Rodale revamps ‘Organic Gardening ’ to healthy-lifestyle magazine

Suddenly, the healthy lifestyle niche looks like it is turning into the hottest category in a beleaguered magazine industry.

Rodale, in the midst of the category’s rapid rise, said Friday it will rename its 72-year-old Organic Gardening title to better compete in the red-hot niche.

The magazine, the first title from the family-owned publishing house that produces Men’s Health and Women’s Health, will be re-launched as Rodale’s Organic Life.

Ironically, Organic Gardening lived exactly as long as the company’s founder, J.I. Rodale, who, during an appearance on the Dick Cavett show in 1971 predicted he’d live to be 100 — and then promptly dropped dead on the set.

The show was taped but never broadcast.

As part of the relaunch, James Oseland, who resigned earlier this week as editor-in-chief of the critically acclaimed Saveur, has been signed to oversee the conversion.

Ethne Clarke, who has edited Organic Gardening since 2009, is out.

The relaunch is a bit of a gamble for Rodale, which will be hoping it can shed the preachy how-to approach — that has served it well since 1942 — for a more populist lifestyle take that, it hopes, will boost readership and ads.

The new title and format will debut with the February/March 2015 issue.

Rodale’s Organic Life will enter a niche that has seen two hot startups in 2014 — Hearst’s Dr.
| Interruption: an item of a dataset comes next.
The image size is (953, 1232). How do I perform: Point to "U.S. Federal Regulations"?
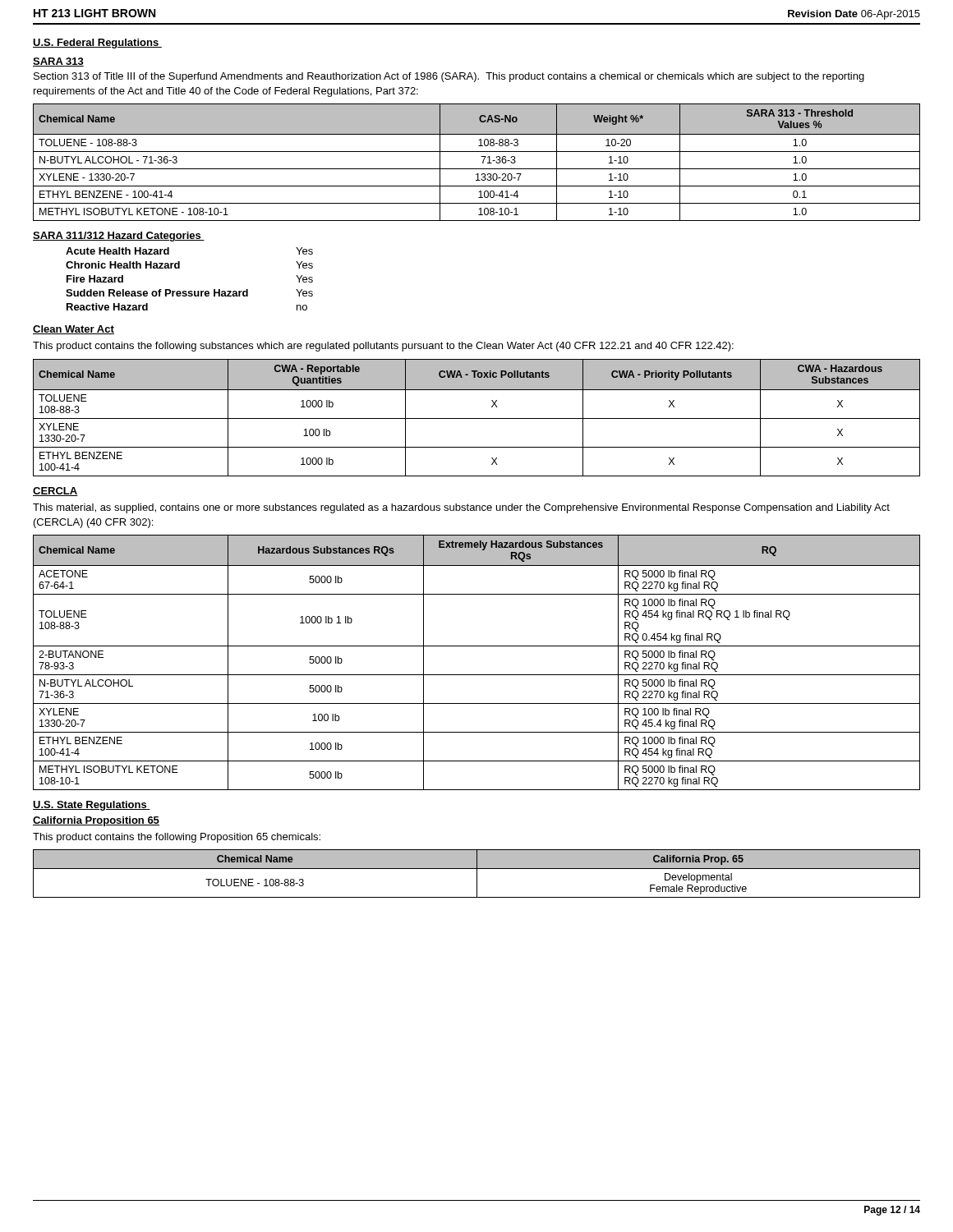tap(97, 42)
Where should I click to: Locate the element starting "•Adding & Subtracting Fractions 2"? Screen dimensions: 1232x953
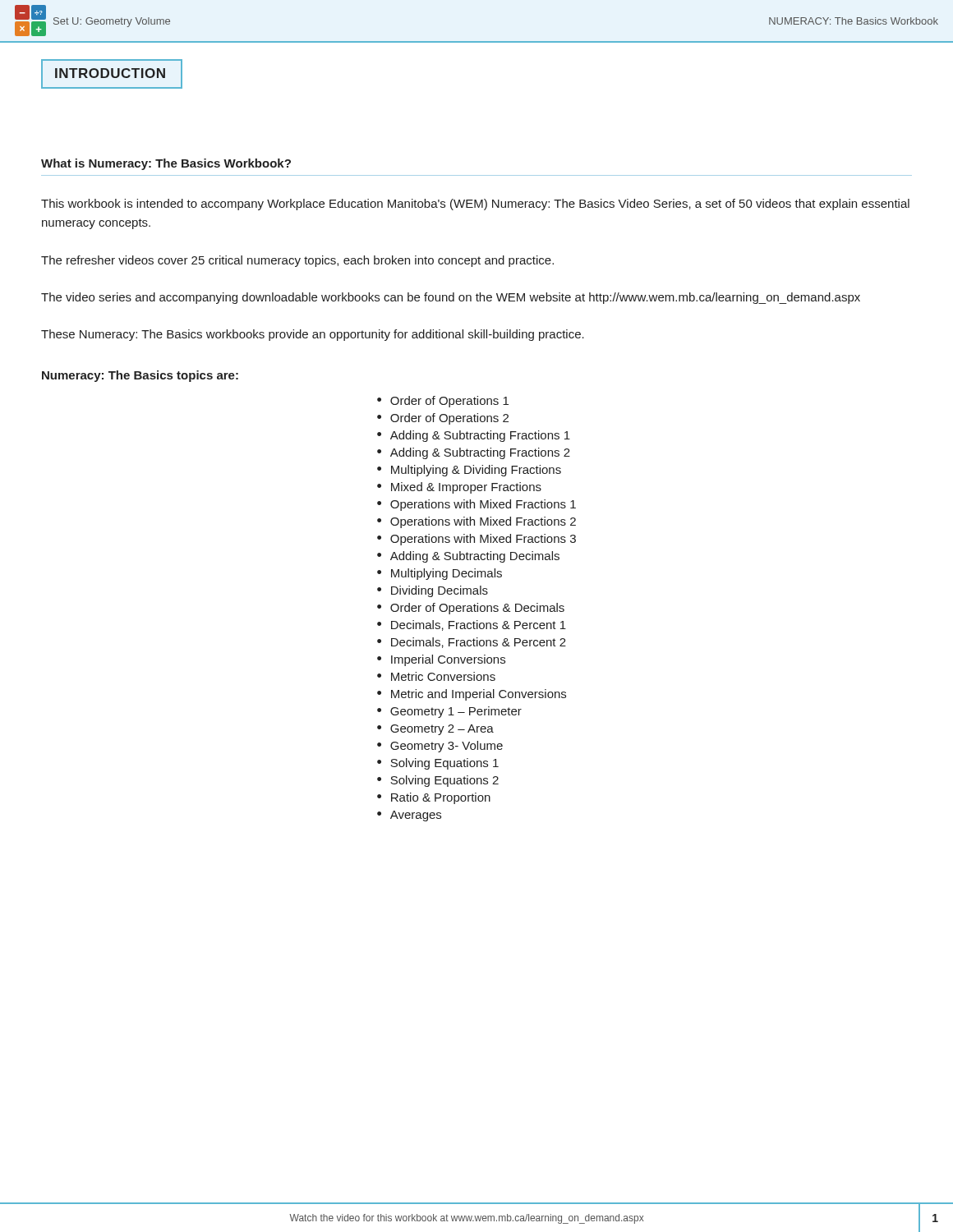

Oz The Good Life, with heart surgeon Dr. Mehmet Oz, and Naturally, Danny Seo, with the so-called green Martha Stewart.

The Good Life’s debut issue in February sold more than 80 percent of the 350,000 copies it placed on newsstands and signed up close to 500,000 subscriptions.

The early success of its first two issues spurred the company to jump the frequency in 2015 to 10 times a year, from six.

Hearst is promising a rate base of 800,000 per issue by mid-2015.

“We think we’ll have a broader reach, but we wish [Rodale] well,” said David Carey, president, of Hearst Magazines.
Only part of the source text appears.